* _Instructions to follow_:
Read through the lines below and copy the ones holding the string "transform".

* _Task material_:
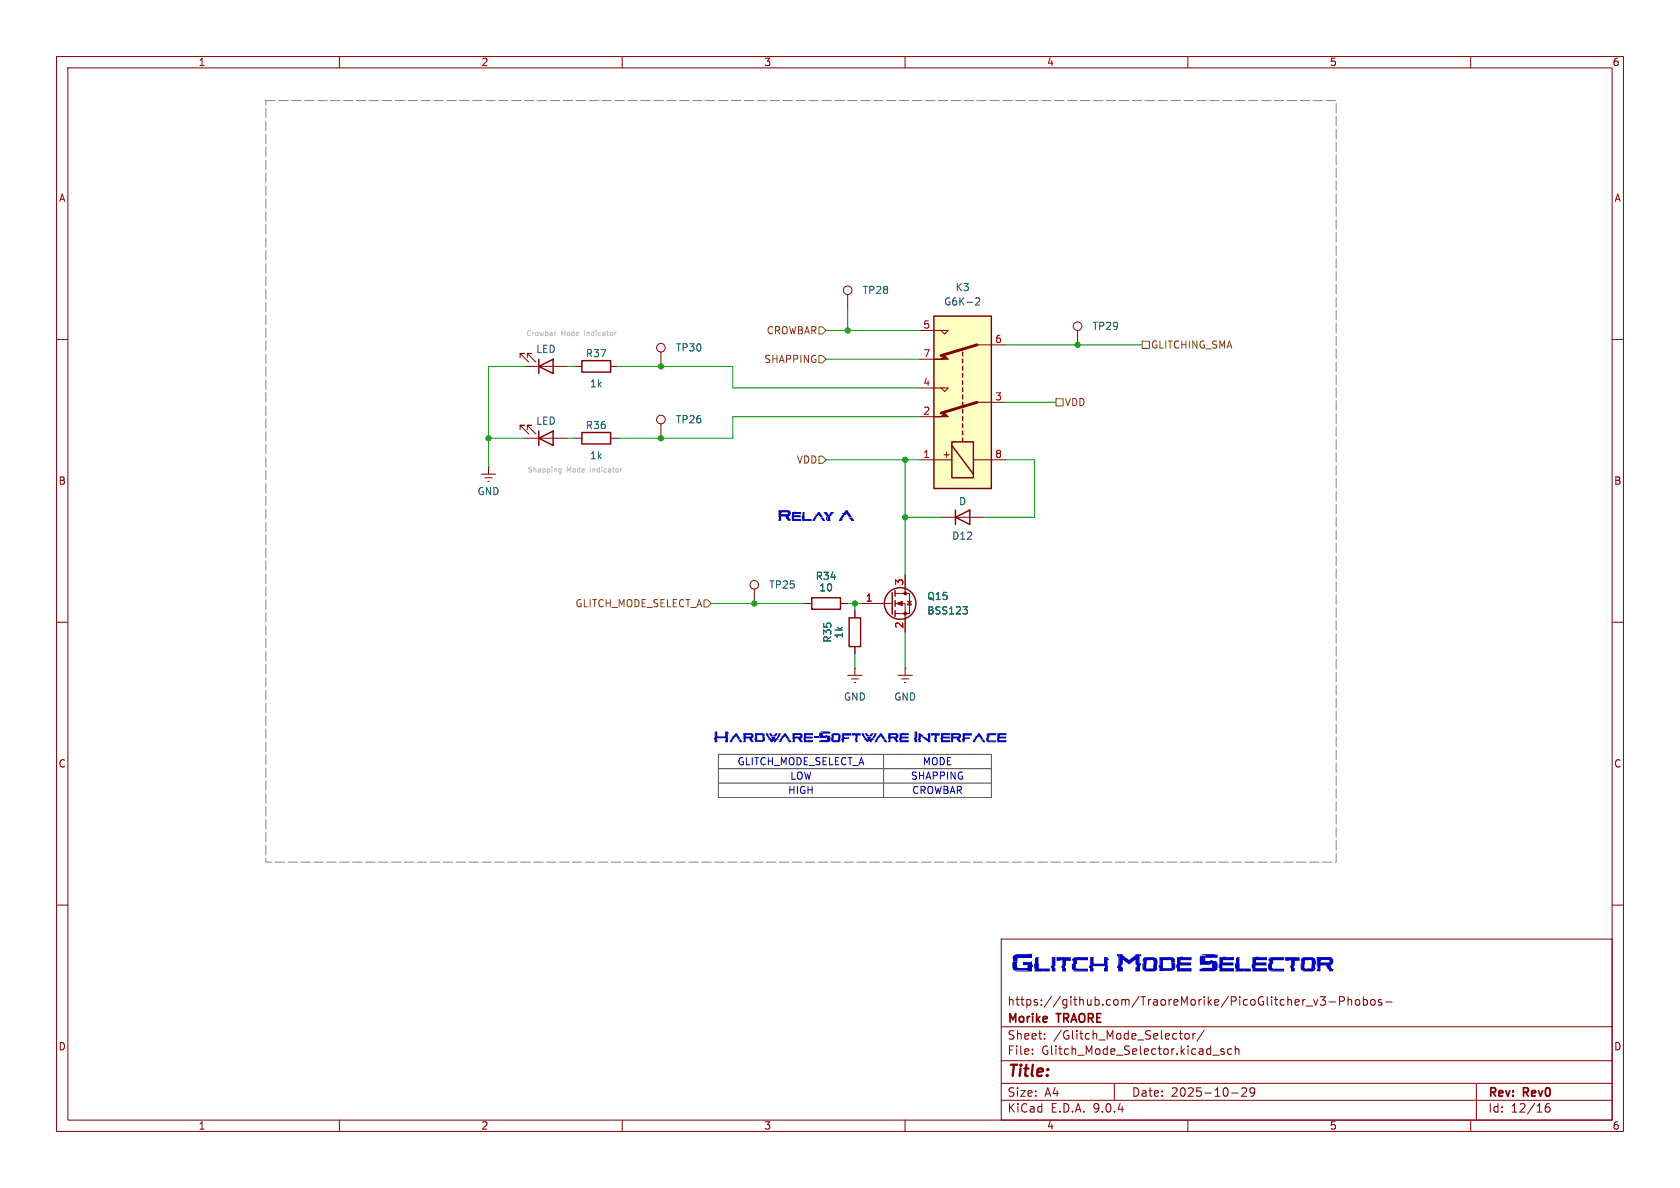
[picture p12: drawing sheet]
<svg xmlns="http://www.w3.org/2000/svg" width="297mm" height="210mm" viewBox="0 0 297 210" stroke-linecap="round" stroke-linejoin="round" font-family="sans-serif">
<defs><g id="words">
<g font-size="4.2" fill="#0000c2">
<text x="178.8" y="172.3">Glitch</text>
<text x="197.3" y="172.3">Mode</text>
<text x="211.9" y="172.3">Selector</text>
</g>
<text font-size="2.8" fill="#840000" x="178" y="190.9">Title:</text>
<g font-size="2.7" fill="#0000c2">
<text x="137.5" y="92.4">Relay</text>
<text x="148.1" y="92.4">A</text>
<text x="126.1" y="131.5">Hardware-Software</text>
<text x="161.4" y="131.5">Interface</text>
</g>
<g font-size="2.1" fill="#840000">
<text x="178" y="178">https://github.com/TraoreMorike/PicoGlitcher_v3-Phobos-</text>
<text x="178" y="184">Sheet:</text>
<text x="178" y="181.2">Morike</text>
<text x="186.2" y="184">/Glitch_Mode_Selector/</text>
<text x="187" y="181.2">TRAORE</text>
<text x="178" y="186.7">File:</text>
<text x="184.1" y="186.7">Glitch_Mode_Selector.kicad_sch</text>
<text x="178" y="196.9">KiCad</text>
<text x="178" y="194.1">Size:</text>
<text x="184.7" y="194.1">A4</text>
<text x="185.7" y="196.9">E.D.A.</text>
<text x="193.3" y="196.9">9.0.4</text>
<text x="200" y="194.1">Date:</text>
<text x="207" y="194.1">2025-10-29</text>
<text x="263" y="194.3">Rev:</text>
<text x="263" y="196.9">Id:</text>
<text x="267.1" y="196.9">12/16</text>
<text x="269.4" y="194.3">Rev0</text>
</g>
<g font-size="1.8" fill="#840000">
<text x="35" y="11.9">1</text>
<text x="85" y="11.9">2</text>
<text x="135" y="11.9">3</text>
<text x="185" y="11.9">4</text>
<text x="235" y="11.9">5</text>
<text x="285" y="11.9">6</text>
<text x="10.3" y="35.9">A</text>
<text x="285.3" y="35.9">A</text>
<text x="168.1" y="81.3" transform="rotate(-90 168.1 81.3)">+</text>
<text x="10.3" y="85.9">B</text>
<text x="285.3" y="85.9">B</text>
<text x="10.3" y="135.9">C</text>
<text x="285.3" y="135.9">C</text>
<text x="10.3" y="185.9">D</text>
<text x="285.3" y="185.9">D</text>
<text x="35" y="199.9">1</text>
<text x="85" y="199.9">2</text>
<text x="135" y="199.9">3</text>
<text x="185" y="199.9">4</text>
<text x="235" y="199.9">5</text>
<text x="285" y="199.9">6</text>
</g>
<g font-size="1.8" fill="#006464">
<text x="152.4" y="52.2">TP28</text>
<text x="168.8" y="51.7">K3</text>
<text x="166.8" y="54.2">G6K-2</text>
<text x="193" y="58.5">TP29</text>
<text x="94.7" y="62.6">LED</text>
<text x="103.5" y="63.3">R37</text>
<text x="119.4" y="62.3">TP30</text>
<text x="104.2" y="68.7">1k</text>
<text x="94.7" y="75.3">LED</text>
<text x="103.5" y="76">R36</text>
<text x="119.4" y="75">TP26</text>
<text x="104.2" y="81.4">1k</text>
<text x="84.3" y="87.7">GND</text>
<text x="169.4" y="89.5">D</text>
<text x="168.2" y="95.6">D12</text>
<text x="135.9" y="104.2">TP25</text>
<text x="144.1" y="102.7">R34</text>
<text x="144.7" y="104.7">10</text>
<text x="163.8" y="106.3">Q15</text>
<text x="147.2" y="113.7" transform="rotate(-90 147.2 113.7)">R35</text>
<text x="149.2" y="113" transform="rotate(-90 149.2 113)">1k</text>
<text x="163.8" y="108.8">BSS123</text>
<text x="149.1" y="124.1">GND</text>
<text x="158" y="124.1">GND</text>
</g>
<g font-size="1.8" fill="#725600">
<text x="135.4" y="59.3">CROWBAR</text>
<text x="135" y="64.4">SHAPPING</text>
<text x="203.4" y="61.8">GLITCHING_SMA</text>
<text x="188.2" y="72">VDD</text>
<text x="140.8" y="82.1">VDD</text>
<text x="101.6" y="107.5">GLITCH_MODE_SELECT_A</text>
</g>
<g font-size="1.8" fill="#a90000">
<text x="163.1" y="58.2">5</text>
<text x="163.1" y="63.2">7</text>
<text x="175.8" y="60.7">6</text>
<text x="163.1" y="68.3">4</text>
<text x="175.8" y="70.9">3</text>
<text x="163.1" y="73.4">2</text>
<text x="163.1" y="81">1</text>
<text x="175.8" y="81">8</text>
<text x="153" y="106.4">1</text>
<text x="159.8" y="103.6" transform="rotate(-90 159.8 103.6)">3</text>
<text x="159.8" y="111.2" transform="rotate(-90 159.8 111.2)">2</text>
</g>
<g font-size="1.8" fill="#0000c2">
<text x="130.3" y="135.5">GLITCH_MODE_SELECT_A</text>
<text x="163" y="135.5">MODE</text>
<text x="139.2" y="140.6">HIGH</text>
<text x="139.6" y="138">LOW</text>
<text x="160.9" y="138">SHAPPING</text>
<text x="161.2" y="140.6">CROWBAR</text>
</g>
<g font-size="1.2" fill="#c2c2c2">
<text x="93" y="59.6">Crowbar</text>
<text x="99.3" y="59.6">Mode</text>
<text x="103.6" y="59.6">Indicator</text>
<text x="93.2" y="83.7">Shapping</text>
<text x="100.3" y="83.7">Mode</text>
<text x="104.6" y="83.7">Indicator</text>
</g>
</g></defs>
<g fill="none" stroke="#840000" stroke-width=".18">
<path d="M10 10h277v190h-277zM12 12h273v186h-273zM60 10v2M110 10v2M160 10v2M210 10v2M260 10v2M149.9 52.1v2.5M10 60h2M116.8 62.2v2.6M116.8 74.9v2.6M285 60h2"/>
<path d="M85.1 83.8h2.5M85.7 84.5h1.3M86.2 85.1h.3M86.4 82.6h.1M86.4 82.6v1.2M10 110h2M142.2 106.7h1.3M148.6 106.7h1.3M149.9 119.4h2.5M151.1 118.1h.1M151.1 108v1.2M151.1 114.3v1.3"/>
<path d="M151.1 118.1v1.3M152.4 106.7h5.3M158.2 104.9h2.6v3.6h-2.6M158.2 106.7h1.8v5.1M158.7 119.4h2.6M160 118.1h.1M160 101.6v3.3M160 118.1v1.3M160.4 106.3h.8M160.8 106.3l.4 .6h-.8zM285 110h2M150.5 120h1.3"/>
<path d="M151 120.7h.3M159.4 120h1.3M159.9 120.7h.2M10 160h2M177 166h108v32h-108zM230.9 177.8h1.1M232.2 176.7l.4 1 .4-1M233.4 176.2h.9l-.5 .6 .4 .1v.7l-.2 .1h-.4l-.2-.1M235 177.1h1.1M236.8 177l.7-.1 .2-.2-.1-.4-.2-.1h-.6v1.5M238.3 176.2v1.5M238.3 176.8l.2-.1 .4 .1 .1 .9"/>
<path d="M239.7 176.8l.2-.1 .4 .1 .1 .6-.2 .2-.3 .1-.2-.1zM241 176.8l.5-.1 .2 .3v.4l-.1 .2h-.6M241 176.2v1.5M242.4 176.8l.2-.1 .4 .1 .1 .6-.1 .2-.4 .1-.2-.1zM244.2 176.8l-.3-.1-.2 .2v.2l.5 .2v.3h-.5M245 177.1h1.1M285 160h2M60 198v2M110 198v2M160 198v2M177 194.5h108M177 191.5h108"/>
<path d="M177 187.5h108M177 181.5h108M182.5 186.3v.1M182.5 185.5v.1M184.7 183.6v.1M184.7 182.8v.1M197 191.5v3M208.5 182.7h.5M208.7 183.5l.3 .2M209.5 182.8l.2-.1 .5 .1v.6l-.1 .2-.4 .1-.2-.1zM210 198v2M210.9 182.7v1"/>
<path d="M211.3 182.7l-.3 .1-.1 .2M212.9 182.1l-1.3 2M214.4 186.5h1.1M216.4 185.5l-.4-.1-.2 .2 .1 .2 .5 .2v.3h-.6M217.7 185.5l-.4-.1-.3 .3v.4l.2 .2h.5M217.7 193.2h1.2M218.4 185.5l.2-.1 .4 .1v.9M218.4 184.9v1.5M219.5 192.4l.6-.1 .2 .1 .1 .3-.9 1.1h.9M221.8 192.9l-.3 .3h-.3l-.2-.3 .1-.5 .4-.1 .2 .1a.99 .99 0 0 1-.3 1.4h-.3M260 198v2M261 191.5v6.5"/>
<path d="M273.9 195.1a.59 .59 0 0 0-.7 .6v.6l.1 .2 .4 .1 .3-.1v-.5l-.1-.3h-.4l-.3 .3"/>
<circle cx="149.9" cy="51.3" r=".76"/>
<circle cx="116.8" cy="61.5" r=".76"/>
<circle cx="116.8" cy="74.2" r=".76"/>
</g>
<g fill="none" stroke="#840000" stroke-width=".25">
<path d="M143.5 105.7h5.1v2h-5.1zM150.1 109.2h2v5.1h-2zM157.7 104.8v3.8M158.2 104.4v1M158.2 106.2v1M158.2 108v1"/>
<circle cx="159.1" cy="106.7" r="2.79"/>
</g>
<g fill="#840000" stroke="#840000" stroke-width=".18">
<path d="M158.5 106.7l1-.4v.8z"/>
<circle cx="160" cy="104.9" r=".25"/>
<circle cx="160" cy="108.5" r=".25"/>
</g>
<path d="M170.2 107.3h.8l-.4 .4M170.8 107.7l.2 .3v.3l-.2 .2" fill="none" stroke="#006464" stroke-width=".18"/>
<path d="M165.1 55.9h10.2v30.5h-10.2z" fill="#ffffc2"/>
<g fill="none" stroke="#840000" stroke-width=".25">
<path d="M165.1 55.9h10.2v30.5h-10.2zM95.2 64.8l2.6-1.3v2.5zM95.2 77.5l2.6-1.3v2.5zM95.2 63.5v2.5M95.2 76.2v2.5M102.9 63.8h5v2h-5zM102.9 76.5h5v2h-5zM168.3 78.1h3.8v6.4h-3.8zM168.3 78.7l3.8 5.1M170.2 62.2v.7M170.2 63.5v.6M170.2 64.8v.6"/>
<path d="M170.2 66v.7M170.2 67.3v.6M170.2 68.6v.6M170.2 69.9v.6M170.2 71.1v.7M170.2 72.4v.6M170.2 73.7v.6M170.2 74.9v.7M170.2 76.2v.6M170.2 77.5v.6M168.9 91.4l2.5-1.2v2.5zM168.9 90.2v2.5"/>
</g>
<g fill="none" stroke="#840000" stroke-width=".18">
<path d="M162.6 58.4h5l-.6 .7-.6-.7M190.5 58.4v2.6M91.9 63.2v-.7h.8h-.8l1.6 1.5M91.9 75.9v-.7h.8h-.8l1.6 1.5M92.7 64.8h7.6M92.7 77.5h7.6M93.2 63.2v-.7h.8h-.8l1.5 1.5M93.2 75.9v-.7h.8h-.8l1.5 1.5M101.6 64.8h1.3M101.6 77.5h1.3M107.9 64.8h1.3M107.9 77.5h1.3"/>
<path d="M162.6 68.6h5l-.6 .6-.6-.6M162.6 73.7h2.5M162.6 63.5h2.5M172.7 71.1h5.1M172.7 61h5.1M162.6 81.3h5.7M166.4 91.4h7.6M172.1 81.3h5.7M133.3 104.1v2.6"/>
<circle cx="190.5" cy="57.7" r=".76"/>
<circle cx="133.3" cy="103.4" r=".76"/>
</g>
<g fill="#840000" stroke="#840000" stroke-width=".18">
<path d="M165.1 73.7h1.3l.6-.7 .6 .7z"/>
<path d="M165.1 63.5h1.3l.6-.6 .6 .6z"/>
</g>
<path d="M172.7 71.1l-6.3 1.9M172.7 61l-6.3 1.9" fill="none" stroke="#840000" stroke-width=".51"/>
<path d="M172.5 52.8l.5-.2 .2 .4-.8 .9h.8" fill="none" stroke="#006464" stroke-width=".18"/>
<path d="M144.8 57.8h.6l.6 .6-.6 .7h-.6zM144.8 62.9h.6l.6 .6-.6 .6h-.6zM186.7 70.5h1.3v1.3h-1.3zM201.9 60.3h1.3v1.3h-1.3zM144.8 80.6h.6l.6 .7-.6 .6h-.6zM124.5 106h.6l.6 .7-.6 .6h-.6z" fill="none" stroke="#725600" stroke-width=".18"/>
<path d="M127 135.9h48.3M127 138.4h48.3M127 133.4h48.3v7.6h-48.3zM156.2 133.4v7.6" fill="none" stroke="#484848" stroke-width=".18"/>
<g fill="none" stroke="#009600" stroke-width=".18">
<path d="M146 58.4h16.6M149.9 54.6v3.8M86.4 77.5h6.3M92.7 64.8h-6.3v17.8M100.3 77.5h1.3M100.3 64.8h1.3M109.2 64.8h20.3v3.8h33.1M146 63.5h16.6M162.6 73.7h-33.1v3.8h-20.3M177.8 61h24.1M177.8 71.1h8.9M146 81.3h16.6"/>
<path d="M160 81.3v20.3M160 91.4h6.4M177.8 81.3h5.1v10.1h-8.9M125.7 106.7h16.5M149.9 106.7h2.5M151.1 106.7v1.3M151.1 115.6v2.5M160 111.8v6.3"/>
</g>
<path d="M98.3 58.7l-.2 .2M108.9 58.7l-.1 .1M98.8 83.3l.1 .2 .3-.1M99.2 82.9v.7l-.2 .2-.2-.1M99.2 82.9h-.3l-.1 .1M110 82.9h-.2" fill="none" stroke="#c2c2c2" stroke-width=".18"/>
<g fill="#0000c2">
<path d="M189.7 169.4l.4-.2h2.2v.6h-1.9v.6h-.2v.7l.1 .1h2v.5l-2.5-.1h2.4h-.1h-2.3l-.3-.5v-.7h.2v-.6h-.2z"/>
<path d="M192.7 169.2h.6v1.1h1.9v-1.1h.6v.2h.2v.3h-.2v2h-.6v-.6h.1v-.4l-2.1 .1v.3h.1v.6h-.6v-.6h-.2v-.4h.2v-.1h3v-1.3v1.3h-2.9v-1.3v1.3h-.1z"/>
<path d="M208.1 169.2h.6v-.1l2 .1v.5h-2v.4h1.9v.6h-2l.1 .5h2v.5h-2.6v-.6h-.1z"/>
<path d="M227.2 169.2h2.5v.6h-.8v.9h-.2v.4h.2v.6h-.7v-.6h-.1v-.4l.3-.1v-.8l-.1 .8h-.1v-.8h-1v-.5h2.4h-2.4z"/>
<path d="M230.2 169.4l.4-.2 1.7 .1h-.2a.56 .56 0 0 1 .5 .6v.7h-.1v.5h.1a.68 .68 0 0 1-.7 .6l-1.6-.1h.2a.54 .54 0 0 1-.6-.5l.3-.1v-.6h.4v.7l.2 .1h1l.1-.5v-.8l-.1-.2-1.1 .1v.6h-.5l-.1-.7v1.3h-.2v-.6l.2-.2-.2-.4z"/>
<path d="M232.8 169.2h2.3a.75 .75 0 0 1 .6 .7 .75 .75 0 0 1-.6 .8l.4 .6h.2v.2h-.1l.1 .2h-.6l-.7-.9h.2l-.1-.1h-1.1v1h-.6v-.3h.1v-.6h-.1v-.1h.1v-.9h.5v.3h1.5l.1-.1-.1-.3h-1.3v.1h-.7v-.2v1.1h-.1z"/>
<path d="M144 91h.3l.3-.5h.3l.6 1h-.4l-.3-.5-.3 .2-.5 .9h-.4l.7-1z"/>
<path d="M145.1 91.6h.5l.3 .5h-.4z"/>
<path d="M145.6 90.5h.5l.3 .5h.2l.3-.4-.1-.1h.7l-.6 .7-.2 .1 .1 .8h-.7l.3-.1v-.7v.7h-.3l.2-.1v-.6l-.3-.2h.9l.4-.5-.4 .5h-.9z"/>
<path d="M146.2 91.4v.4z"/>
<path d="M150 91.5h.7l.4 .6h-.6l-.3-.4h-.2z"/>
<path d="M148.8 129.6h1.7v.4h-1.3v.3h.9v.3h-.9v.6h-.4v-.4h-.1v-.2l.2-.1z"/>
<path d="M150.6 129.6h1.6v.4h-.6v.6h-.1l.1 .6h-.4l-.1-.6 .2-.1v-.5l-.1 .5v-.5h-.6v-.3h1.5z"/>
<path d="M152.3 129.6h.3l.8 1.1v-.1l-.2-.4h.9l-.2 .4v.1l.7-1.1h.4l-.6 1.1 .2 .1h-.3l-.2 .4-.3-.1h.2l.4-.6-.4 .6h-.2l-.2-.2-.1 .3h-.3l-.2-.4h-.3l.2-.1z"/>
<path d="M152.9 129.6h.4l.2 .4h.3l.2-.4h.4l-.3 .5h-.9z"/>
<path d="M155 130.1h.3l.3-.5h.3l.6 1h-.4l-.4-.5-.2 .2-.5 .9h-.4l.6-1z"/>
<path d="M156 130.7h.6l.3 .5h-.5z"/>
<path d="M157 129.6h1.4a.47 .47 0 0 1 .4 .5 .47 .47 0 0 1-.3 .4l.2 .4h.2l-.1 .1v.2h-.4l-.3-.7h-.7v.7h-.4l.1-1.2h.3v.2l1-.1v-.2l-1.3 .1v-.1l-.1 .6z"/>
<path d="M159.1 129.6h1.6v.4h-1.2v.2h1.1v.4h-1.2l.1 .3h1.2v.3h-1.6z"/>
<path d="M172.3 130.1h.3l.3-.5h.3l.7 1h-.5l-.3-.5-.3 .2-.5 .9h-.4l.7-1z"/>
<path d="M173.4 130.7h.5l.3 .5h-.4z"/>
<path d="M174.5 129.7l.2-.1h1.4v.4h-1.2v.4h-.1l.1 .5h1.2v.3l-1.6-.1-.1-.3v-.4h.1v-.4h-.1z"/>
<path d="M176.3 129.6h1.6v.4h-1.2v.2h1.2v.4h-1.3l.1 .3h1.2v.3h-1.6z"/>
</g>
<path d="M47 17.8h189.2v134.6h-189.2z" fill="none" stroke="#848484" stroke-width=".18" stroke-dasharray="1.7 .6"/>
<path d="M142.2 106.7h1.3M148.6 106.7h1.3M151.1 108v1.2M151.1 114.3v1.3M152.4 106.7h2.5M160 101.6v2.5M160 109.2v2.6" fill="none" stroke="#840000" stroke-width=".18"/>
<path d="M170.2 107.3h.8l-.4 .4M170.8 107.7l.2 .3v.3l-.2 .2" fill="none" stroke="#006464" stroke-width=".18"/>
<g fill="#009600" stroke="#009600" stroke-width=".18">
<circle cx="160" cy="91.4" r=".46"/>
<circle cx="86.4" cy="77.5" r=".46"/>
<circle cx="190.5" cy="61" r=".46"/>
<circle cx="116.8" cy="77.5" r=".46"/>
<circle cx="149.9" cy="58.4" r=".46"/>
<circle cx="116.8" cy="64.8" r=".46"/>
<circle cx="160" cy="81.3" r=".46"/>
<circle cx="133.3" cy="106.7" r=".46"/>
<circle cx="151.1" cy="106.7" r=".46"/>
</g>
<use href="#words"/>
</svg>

* _Result of the task_:
<text x="168.1" y="81.3" transform="rotate(-90 168.1 81.3)">+</text>
<text x="147.2" y="113.7" transform="rotate(-90 147.2 113.7)">R35</text>
<text x="149.2" y="113" transform="rotate(-90 149.2 113)">1k</text>
<text x="159.8" y="103.6" transform="rotate(-90 159.8 103.6)">3</text>
<text x="159.8" y="111.2" transform="rotate(-90 159.8 111.2)">2</text>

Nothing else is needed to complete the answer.